Wherein, x '=xcos θ+ysin θ;
Wherein, y '=-x sin θ+ycos θ;
Wherein, λ is a wavelength, and unit is a pixel, and effective wavelength requires more than or equal to 2, is less than 1/5th of input picture size simultaneously, and this embodiment is selected λ=8;
Wherein, θ is the anglec of rotation, unit degree of being, and effectively interval is [0 a °, 360 °], owing to be the textural characteristics that extracts four direction, so θ=0 °, 45 °, 90 °, 135 °;
Wherein, φ is phase shift, unit degree of being, and effectively span is [180 °, 180 °], present embodiment is selected, φ=0 °;
Wherein, γ is an aspect ratio, has shown the shape of the supporting ellipse of Gabor function, and present embodiment is selected γ=0.5;
Wherein, σ can not direct representation, can only be derived by bandwidth, selects bandwidth bw=1 in this example, and its derivation formula does
σ = λ π 1 2 log 2 2 bw + 1 2 bw - 1
Chinese character to be identified is handled through the Gabor bank of filters and is obtained corresponding unity and coherence in writing image.Through multiple dimensioned, after multidirectional Gabor filtering, we extract the primitive character of the wave filter output coefficient on a plurality of sub-planes as the car plate Chinese character.
3.1.1, pending character picture and convolution kernel carried out convolution get 60 * 30 complex matrix;
3.1.2, to same character picture get the textural characteristics of four direction and splice 60 * 120 real number matrix, said four direction is respectively θ=0 °, 45 °, 90 °, 135 ° direction;
Said convolution kernel is made up and is got by aforementioned Gabor function, its convolution kernel as shown in the formula:
Figure BDA0000104749100000132
Figure BDA0000104749100000133
Figure BDA0000104749100000134
Figure BDA0000104749100000135
Wherein, λ=8, φ=0, γ=0.5, bw=1, convolution yardstick are 35 * 35.
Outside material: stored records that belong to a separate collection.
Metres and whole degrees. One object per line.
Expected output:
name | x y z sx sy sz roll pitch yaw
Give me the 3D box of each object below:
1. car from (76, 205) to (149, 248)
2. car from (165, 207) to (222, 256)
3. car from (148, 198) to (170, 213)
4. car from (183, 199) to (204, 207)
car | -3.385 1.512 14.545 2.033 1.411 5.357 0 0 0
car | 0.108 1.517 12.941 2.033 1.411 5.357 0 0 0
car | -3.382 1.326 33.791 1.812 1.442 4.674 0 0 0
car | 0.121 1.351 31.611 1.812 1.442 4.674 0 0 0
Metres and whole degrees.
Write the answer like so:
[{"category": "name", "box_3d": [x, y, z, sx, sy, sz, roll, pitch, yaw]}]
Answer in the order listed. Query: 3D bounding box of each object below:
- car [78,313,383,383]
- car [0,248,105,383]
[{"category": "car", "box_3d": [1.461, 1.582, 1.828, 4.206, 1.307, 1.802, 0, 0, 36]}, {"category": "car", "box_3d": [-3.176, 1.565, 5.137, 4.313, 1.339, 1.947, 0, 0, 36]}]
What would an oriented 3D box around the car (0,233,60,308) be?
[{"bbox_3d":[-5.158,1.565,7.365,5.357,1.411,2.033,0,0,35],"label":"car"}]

In this step pending character picture examined therewith and carry out convolution; Pixel value outside the edge is chosen as the pixel value of nearest neighbor point; Convolution results is one 60 * 30 a complex matrix (onesize with former character picture); So will ask mould and do normalization this complex matrix, the method for normalizing that in this programme, adopts be the greatest member value of each element of matrix divided by this matrix.Then,, for a character picture, extract the textural characteristics of four direction (θ=0 °, 45 °, 90 °, 135 °), and filtered is stitched together, obtain one 60 * 120 real number matrix through adjustment θ value.
3.1.3, principal component PCA (Principle Component Analysis) dimensionality reduction
At first, above-mentioned real number matrix is transformed to 7200 dimensional feature vectors, through the PCA algorithm proper vector is reduced to 78 dimensions then.
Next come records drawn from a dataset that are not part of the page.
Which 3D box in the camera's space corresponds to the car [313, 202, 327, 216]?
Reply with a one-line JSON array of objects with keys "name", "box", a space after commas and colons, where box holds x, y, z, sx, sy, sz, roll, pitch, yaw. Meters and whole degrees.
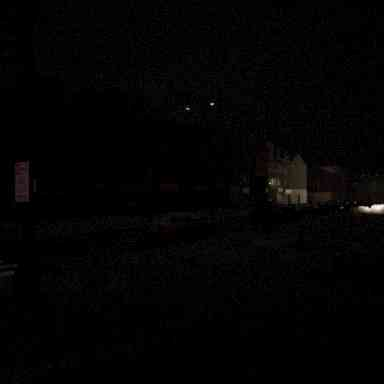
[{"name": "car", "box": [12.494, 1.822, 35.118, 1.802, 1.307, 4.206, -1, -1, 35]}]

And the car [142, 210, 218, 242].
[{"name": "car", "box": [-0.407, 1.600, 16.889, 1.752, 1.417, 4.829, -1, -1, 35]}]

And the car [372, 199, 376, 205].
[{"name": "car", "box": [35.242, 2.212, 67.262, 1.887, 1.381, 4.507, -1, -2, 35]}]

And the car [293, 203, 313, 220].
[{"name": "car", "box": [9.244, 1.744, 30.526, 2.008, 1.369, 4.403, -1, -1, 35]}]

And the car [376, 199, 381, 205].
[{"name": "car", "box": [44.990, 2.461, 81.036, 2.008, 1.369, 4.403, -2, -2, 35]}]

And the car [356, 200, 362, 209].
[{"name": "car", "box": [25.493, 2.014, 53.486, 2.008, 1.369, 4.403, -1, -1, 35]}]

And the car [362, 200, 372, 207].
[{"name": "car", "box": [31.993, 2.147, 62.671, 2.008, 1.369, 4.403, -1, -1, 35]}]

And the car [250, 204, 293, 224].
[{"name": "car", "box": [5.995, 1.716, 25.934, 1.947, 1.339, 4.313, -1, -1, 35]}]

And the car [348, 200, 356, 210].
[{"name": "car", "box": [22.243, 1.953, 48.894, 2.008, 1.369, 4.403, -1, -1, 35]}]

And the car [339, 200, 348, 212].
[{"name": "car", "box": [18.992, 1.785, 44.304, 1.967, 1.590, 4.097, -1, -1, 35]}]

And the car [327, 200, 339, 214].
[{"name": "car", "box": [15.744, 1.835, 39.710, 1.887, 1.381, 4.507, -1, -1, 35]}]
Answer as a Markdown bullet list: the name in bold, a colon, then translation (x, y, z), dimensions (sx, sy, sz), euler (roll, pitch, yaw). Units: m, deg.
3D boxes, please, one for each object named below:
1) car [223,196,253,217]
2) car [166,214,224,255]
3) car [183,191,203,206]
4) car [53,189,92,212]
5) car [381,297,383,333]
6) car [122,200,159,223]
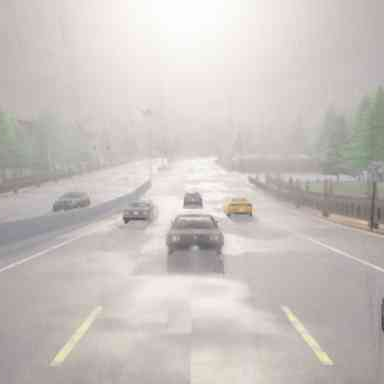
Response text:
- **car**: translation (3.598, 1.024, 26.597), dimensions (1.882, 1.535, 5.008), euler (0, 3, 0)
- **car**: translation (0.099, 1.472, 12.737), dimensions (1.895, 1.301, 4.718), euler (0, 1, 0)
- **car**: translation (0.089, 0.566, 34.801), dimensions (1.994, 1.385, 4.181), euler (0, 5, 0)
- **car**: translation (-10.521, 0.740, 29.419), dimensions (2.097, 1.767, 4.553), euler (0, 4, 0)
- **car**: translation (3.600, 1.462, 2.775), dimensions (2.128, 1.511, 4.902), euler (0, 1, 0)
- **car**: translation (-3.402, 1.258, 22.652), dimensions (2.033, 1.411, 5.357), euler (0, 2, 0)
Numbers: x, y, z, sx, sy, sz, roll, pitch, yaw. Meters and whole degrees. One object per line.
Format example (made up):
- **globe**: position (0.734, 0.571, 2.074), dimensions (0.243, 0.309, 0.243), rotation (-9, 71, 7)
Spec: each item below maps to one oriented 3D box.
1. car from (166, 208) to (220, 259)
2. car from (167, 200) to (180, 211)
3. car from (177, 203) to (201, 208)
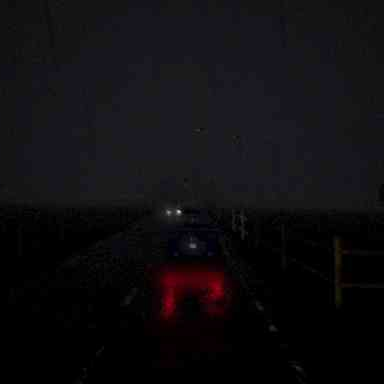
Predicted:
- **car**: position (0.050, 1.655, 13.477), dimensions (1.882, 1.535, 5.008), rotation (0, 0, 0)
- **car**: position (-2.838, 2.053, 52.744), dimensions (2.097, 1.767, 4.553), rotation (0, -1, 0)
- **car**: position (0.038, 1.866, 27.336), dimensions (1.837, 1.490, 4.892), rotation (0, 0, 0)

In this step; The primitive character matrixing that each Chinese character image filtering is obtained is one 7200 dimensional feature vector; Select a template vector to form a pattern matrix for each character type; Calculate its covariance, find the pairing proper vector of big eigenwert to constitute the resolving ability projecting direction.Through projection finally realizes the characteristic dimensionality reduction in that this side up with original feature vector.
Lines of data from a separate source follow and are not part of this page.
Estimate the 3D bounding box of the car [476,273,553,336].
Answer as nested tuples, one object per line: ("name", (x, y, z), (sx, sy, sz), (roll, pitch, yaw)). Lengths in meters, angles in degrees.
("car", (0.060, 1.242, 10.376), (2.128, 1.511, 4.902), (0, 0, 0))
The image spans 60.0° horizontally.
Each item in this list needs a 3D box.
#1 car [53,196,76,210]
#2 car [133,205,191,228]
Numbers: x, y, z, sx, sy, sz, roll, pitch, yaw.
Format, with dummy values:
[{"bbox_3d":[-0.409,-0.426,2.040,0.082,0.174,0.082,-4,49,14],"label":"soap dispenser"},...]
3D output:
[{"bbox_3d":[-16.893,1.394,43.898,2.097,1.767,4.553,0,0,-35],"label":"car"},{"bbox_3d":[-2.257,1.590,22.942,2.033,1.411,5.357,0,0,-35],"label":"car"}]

3.2, Chinese character classification
In this step, the characteristics of image of selecting for use minimum distance classifier will go up step extraction is realized classification.It is following that detailed sorter is selected principle:
Pack is adopted in the selection of Chinese character sorter in the present embodiment; Promptly gather based on primitive character; Sorter in conjunction with classical comprises nearest neighbor classifier, minimum distance classifier, SVMs (SVM), decision tree, Bayes classifier, hidden Markov model; C4.5 does the classification forecast analysis, through the degree of accuracy, time complexity etc. of relatively identification, chooses the combination of optimum characteristic set+sorter.Through a large amount of experiments, we get minimum distance classifier is optimal selection.
Primitive character has the strongest recognition capability master composition through obtaining one group behind the dimensionality reduction; The basic thought of confirming still to be based on pack of major component dimension; Promptly under selected minimum distance classifier, the quantity of information of screening major component is since 50%, and every increase by 5% makes up a character subset; Through comparing discrimination and time complexity, the selected major component of present embodiment is 78 dimensions at last.This main composition matees as the characteristic and the template of each Chinese character image, and immediate that template Chinese character of matching result promptly is judged to be the affiliated classification of this Chinese character to be identified.
4), letter and number identification
4.1, the extraction of original feature vector
Binaryzation character picture after the secondary splitting is 60 * 30 pixel sizes of standard, and the original feature vector obtaining step that this step is concrete is following:
4.1.1, defined one 10 * 5 structural element;
4.1.2, this structural element is whenever moved once at a distance from a pixel on character picture, until covering whole character picture;
4.1.3, when moving at every turn, the white point number of pixels of statistical framework element overlay area and divided by the area of structural element as a characteristic, obtain the original feature vector of one 1326 dimension at last.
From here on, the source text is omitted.